The lords were barred from both. Their power was broken. The Mage was dead, its prison destroyed in the blaze of light that had overcome the dark. Their devices of metal were only metal now; the lords had no magic with which to bring them to life.
Daros still could not think too much on these matters. The memory of the cage was too strong, the horror of it too close to his spirit. The hunt was his release, the cleansing of his mind and soul.
The last nest was the worst. They had come full circle, back to the citadel and the deep halls beneath, dungeons that descended into the bowels of the earth. There the last of the lords had barricaded themselves with walls of stone and steel. And there, at last, were the women: blind, gravid things locked in cells like the children of bees. Whether they were born or made so, he did not know or care to know. But it made him all the more grimly determined to expunge this race from the worlds.

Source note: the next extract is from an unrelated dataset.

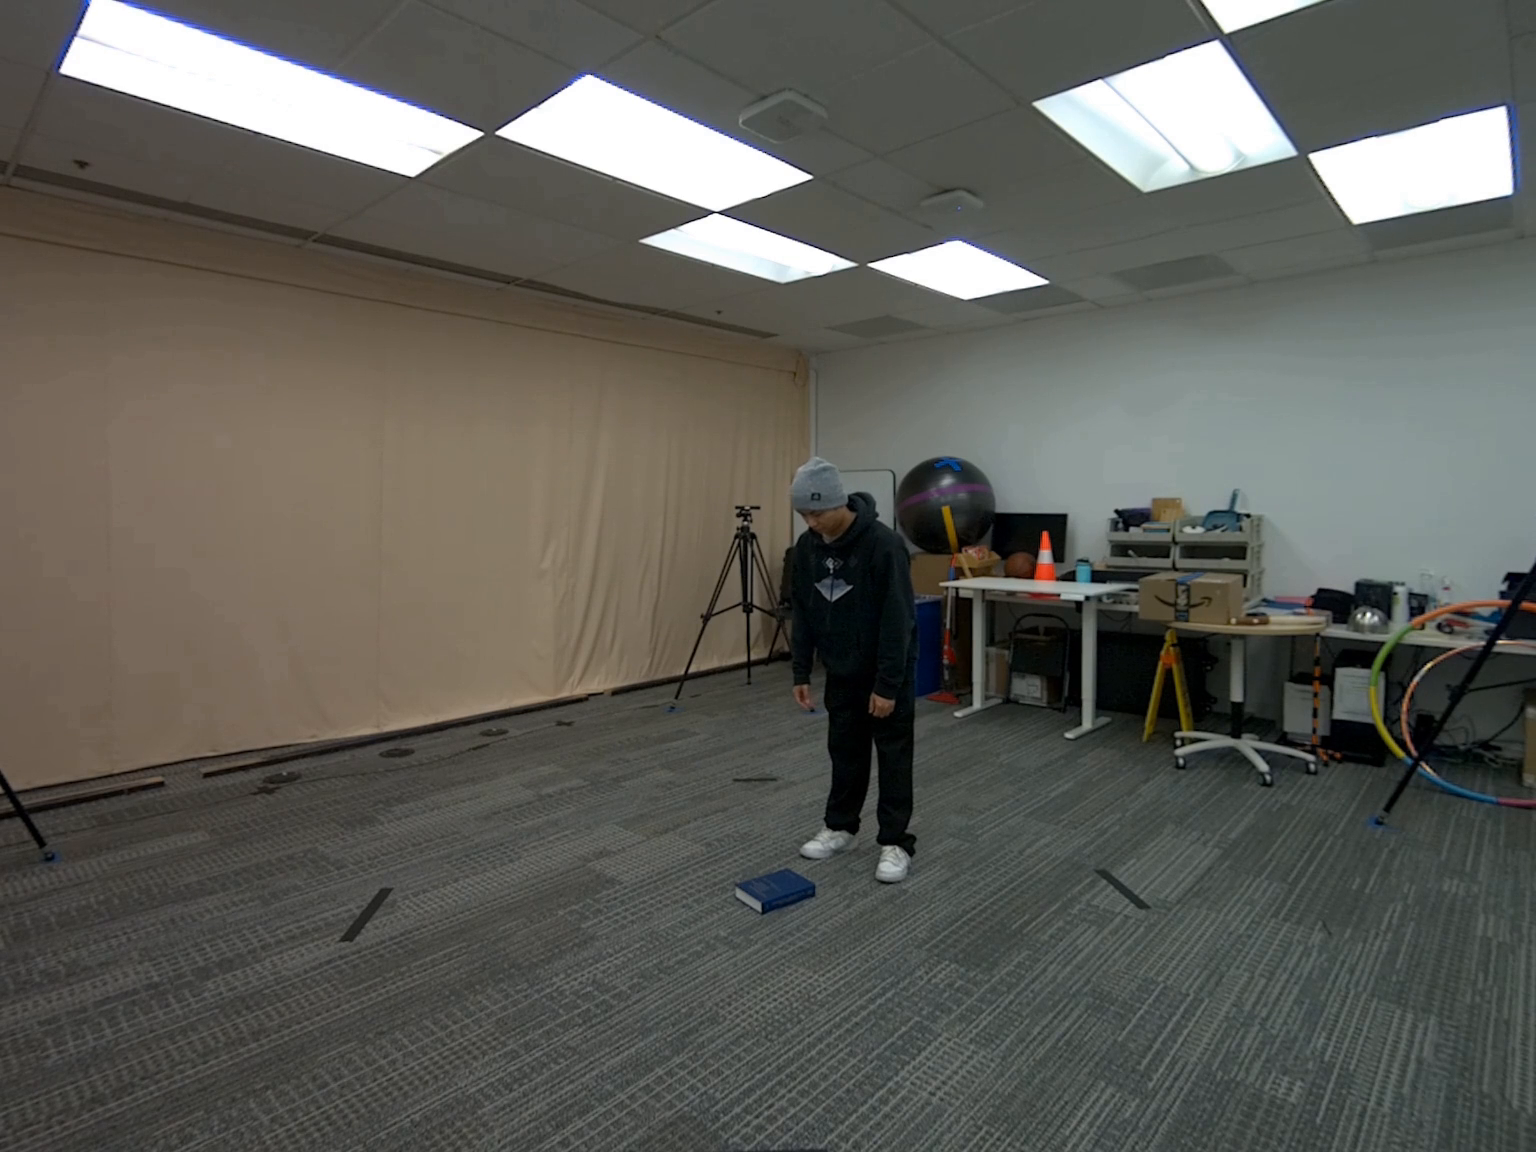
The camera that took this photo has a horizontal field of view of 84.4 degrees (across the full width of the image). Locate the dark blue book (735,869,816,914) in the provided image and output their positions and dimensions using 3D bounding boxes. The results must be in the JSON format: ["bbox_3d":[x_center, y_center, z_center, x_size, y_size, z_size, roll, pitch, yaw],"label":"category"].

Daros had to go down into the dark from which he had so barely escaped. The mages and the warriors of the Sun brought light with
them, but Menkare and Nefret knew the same horror that he knew: the horror of return to endless night.
They did not flinch from the long descent. He could hardly be less brave than the mages whom he had made. He steadied his mind and firmed his steps and led them all into the darkness.
One weapon he had which he had not been able to use during his long deception: the flame of his power, which was born of the sun. He clothed himself in it, and sent it before him, a wall of light. He struck their wall of stone and steel and shattered it.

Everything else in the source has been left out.